Alleman Jacques
François-Jacques Laussus Alleman, dit Jacques Alleman, né le 12 septembre 1882 à Bordeaux, mort le 30 octobre 1945 à Nœux-les-Mines, est un architecte français. Marqué d'abord par le
régionalisme, il s'est affirmé comme un architecte Art déco, avec un goût prononcé pour un symbolisme probablement lié à son appartenance à la franc-maçonnerie. Jacques Alleman est originaire de
Bordeaux, il est le frère aîné de Jeanne Alleman (1885-1938), dite Jean Balde, et le petit-neveu de l'érudit gascon Jean-François Bladé (1827-1900).

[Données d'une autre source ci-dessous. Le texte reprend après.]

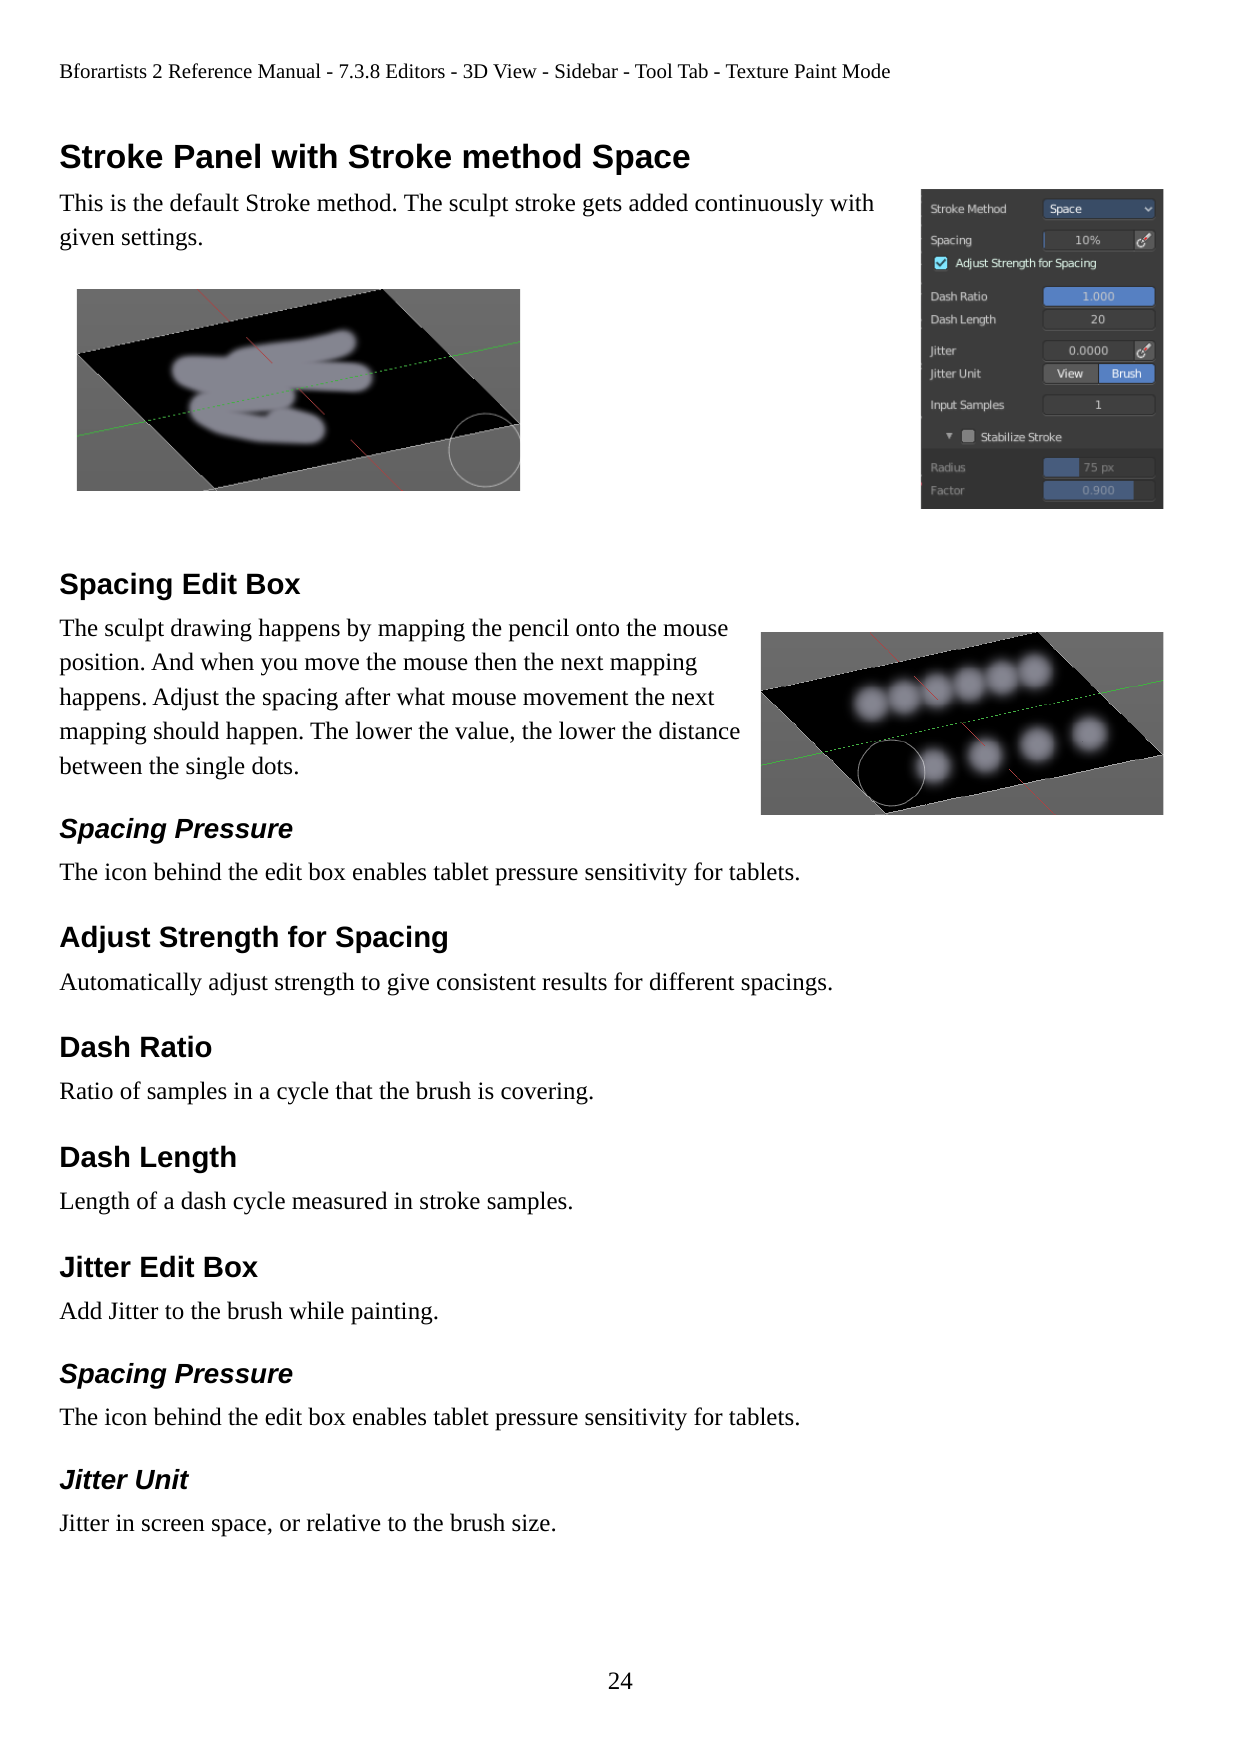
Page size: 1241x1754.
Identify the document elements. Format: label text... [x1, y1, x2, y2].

Il fait ses études à l'école des Beaux-Arts de Paris jusqu'en 1909, puis il réside à Lausanne jusqu'en 1914 où il est mobilisé au 418e régiment d'infanterie suivant le décret du 4 août 1914. Il
sert aux armées de 1915 à 1919 et connaît les champs de bataille d'Ypres, de Verdun, de la Bataille de la Somme et de l'Aisne. Le 4 mars 1919 il est démobilisé. Sergent de réserve dès 1906, il
reçoit la croix de guerre, la médaille de la victoire et la médaille commémorative, pour ses actions héroïques pendant la Grande Guerre.

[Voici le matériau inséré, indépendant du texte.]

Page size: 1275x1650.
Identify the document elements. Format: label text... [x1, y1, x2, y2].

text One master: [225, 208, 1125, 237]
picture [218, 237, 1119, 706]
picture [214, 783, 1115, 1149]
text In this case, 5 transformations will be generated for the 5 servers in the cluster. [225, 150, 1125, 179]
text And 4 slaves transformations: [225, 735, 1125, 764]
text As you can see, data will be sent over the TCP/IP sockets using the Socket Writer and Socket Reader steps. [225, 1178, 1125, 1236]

Il s'installe alors dans le Pas-de-Calais à Béthune puis à Nœux-les-Mines, région dans laquelle il a combattu et où il se marie avec Germaine Lafon, dont il a deux enfants. Il participe à la
reconstruction de Béthune sous la direction de Louis-Marie Cordonnier. On lui doit notamment l'hôtel de ville de Béthune, le palais de Justice et un certain nombre de maisons particulières de la
Grand Place. Il adopte un style régionaliste et expressionniste. Il obtient plusieurs médailles à l'exposition des Arts décoratifs de Paris, qui lance le style du même nom. Son œuvre est toujours
marquée par une symbolique ésotérique, inspirée par la franc-maçonnerie.

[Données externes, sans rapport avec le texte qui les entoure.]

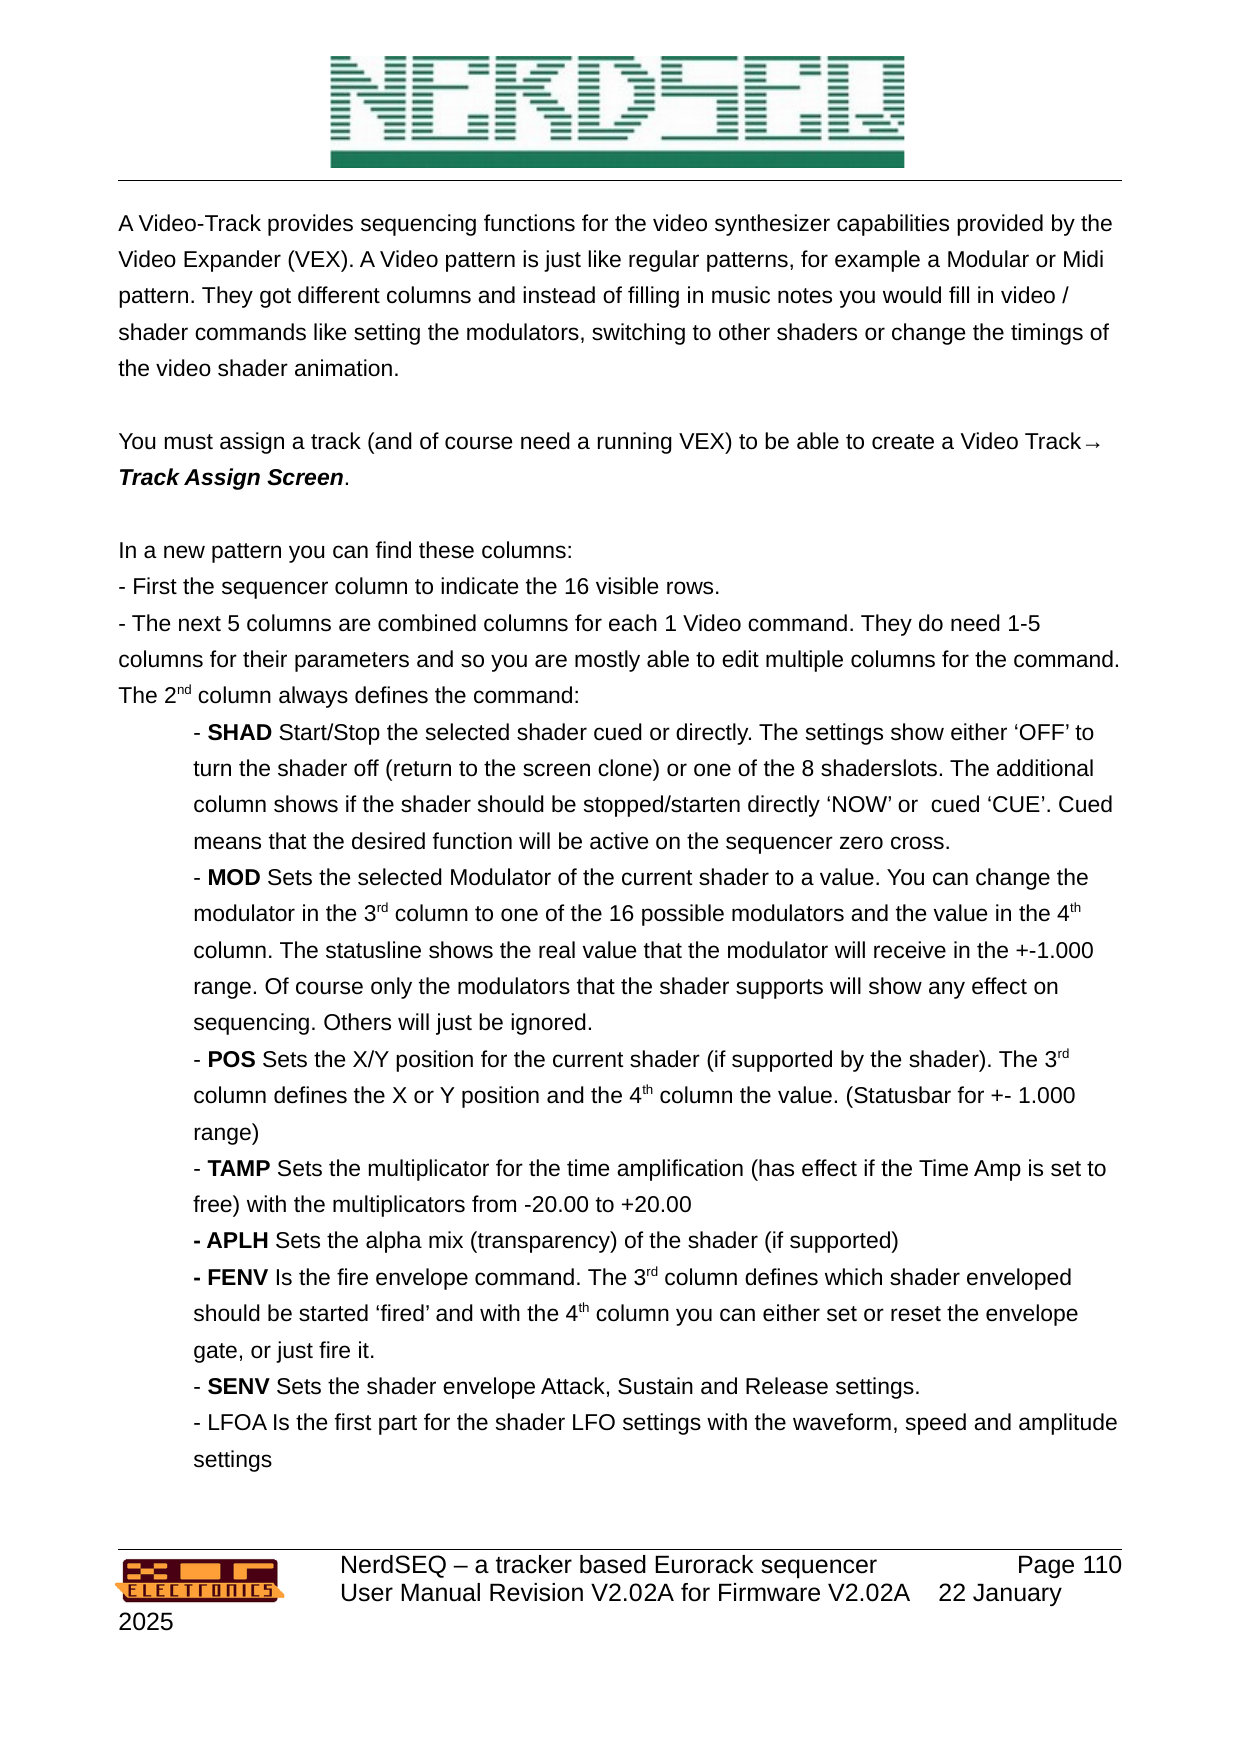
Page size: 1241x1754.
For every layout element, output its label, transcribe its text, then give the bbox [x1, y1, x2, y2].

text - SHAD Start/Stop the selected shader cued or directly. The settings show either ‘OFF’ to turn the shader off (return to the screen clone) or one of the 8 shaderslots. The additional column shows if the shader should be stopped/starten directly ‘NOW’ or cued ‘CUE’. Cued means that the desired function will be active on the sequencer zero cross. [193, 718, 1122, 854]
text - APLH Sets the alpha mix (transparency) of the shader (if supported) [193, 1227, 1122, 1254]
text In a new pattern you can find these columns: [118, 537, 1122, 563]
text - MOD Sets the selected Modulator of the current shader to a value. You can change the modulator in the 3rd column to one of the 16 possible modulators and the value in the 4th column. The statusline shows the real value that the modulator will receive in the +-1.000 range. Of course only the modulators that the shader supports will show any effect on sequencing. Others will just be ignored. [193, 864, 1122, 1036]
text A Video-Track provides sequencing functions for the video synthesizer capabilities provided by the Video Expander (VEX). A Video pattern is just like regular patterns, for example a Modular or Midi pattern. They got different columns and instead of filling in music notes you would fill in video / shader commands like setting the modulators, switching to other shaders or change the timings of the video shader animation. [118, 209, 1122, 381]
text - POS Sets the X/Y position for the current shader (if supported by the shader). The 3rd column defines the X or Y position and the 4th column the value. (Statusbar for +- 1.000 range) [193, 1046, 1122, 1145]
text - The next 5 columns are combined columns for each 1 Video command. They do need 1-5 columns for their parameters and so you are mostly able to edit multiple columns for the command. The 2nd column always defines the command: [118, 609, 1122, 708]
text - TAMP Sets the multiplicator for the time amplification (has effect if the Time Amp is set to free) with the multiplicators from -20.00 to +20.00 [193, 1155, 1122, 1217]
text - SENV Sets the shader envelope Attack, Sustain and Release settings. [193, 1373, 1122, 1399]
picture [330, 56, 905, 168]
text - FENV Is the fire envelope command. The 3rd column defines which shader enveloped should be started ‘fired’ and with the 4th column you can either set or reset the envelope gate, or just fire it. [193, 1264, 1122, 1363]
text You must assign a track (and of course need a running VEX) to be able to create a Video Track→ Track Assign Screen. [118, 428, 1122, 490]
text - LFOA Is the first part for the shader LFO settings with the waveform, speed and amplitude settings [193, 1409, 1122, 1472]
text - First the sequencer column to indicate the 16 visible rows. [118, 573, 1122, 599]
picture [115, 1555, 285, 1605]

Parallèlement et certainement en relation avec son appartenance à l'Union nationale des combattants (UNC), principale organisation d'anciens combattants, il construit de très nombreux monuments
aux morts. Notamment, il édifie presque tous les monuments commémoratifs de la ville de Lille où il s'installe en 1931. Il participe alors activement au programme des grands travaux lancé la même
année par Roger Salengro.
Il y dessine en particulier un projet de lycée à bâtiments dispersés, qui aurait dû remplacer le lycée Faidherbe, et qui aboutit à la construction de l'Institut Diderot, vaste ensemble qui réunit
l'école pratique César-Baggio et l'école primaire supérieure Benjamin-Franklin. Sa dernière œuvre connue est l'église Notre-Dame-des-Arts, bâtiment éphémère destiné à l'exposition du Progrès
Social, organisé à Lille en 1939. La seconde période de son activité est marquée par le style Art déco. Pendant la Seconde Guerre mondiale, il se réfugie à Bordeaux. Probablement déjà gravement
malade, il rejoint Nœux-les-Mines où il meurt peu de temps après, le 30 octobre 1945.